À partir du 1er décembre 2026, les établissements bancaires devront également communiquer ces informations, par comptes-titres et comptes de crypto-actifs, détenus par leurs clients tant en Belgique qu’au sein de leurs succursales ou établissements stables situés à l’étranger. Cette évolution marque une extension significative du périmètre de la communication, avec pour la première fois une obligation de transparence élargie aux avoirs détenus à l’étranger. Par ailleurs, l’administration fiscale disposera désormais d’une information détaillée, compte par compte, pour chaque client ou contribuable, renforçant ainsi considérablement sa capacité de contrôle et de surveillance des actifs financiers.

La première communication portera sur le solde de ces comptes au 31 décembre 2025 et au 30 juin 2026.

Accès au Point Contact Central facilité en matière de taxe annuelle sur les comptes-titres

Jusqu’ici, l’administration fiscale ne pouvait consulter le PCC que dans le cas d’indices de fraude fiscale existant dans le chef d’un contribuable.
Exception est désormais faite à ce principe pour les contrôleurs compétents en matière de taxe annuelle sur les comptes-titres (en abrégé, la TACT) qui pourront, pour autant qu’ils disposent d’un certain grade (celui de conseiller), accéder aux données relatives aux comptes-titres centralisées au PCC afin de leur permettre de déceler d’éventuels abus en la matière.
Cette mesure s’inscrit dans le contexte de la réinstauration (dans le cadre de la TACT), des mesures anti-abus spécifiques adoptées l’été dernier (lien vers notre article « Réforme fiscale : un premier projet de loi-programme »).

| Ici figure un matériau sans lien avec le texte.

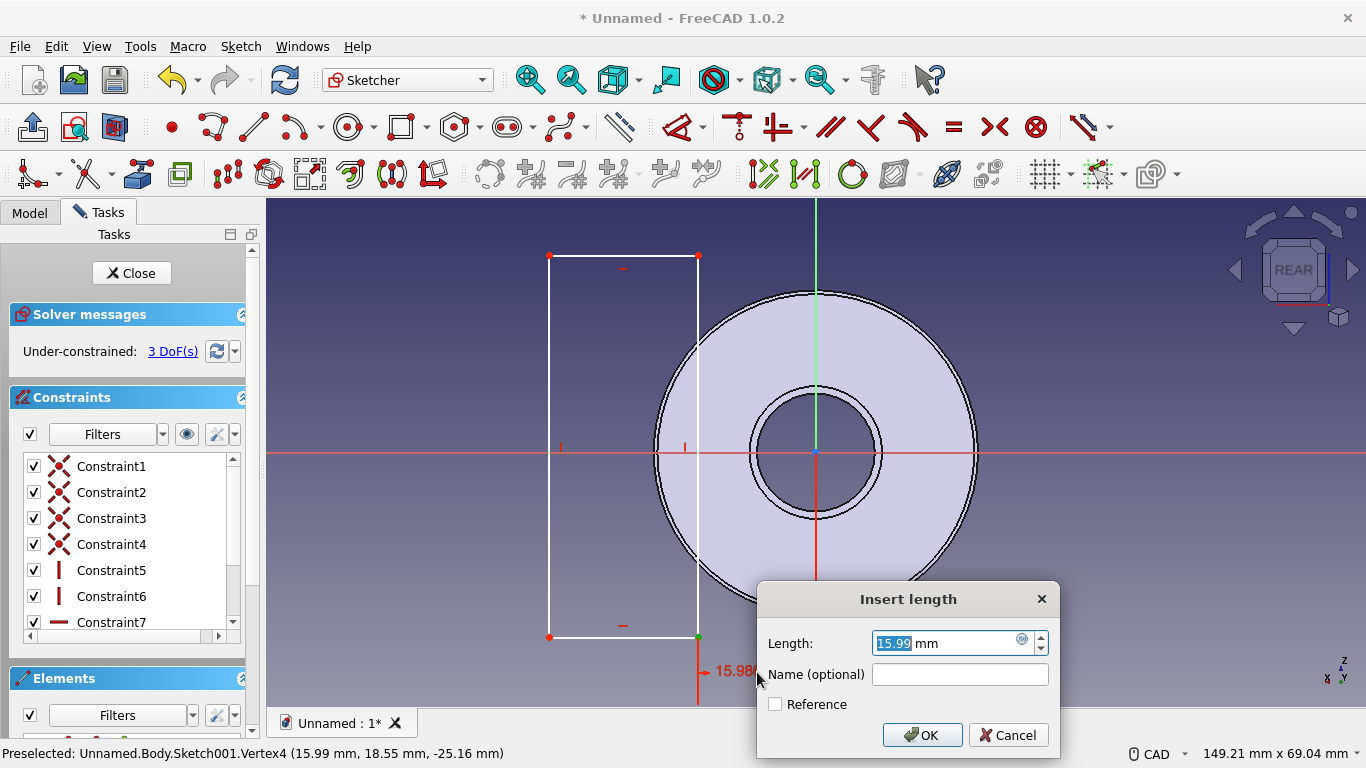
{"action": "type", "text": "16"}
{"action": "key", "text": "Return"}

Intégration des données du PCC dans la base de données centralisée du SPF Finances

Il s’agit de la mesure la plus subversive. Alors que comme indiqué, l’administration fiscale ne pouvait consulter le PCC qu’à certaines conditions strictes dans le cadre d’un contrôle effectué à l’égard d’un contribuable déterminé, le PCC devient une base de données automatisée à des fins d’analyse et de recoupement d’informations.
En effet, le législateur a décidé que les données du PCC seraient intégrées dans la « datawarehouse » du SPF Finances, que l’on peut définir comme une base de données centralisée destinée à collecter, intégrer et gérer des informations fiscales et patrimoniales provenant de sources variées. Le but est d’accroître l’efficacité des analyses de risque et de faciliter la détection de discordances révélatrices de fraude.
Selon le législateur, la proportionnalité serait garantie, notamment grâce à la pseudonymisation des données - technique de traitement des données personnelles qui consiste à remplacer les identifiants directs (nom, e-mail) par des pseudonymes – et un contrôle strict des accès. Seuls certains fonctionnaires spécialement formés et désignés à cette fin, et non l’ensemble des contrôleurs, pourront consulter les données issues du PCC et les traiter à des fins de datamining et de datamatching uniquement. Autrement dit, ces données ne pourront être consultées qu’en vue de découvrir des tendances ou corrélations et de recouper les informations à disposition de l’administration. Le traitement de ces données doit en outre respecter une procédure spécifique.
Il n’en demeure pas moins que cette mesure constitue un nouveau pas vers une transparence sans cesse grandissante à l’égard de l’administration fiscale.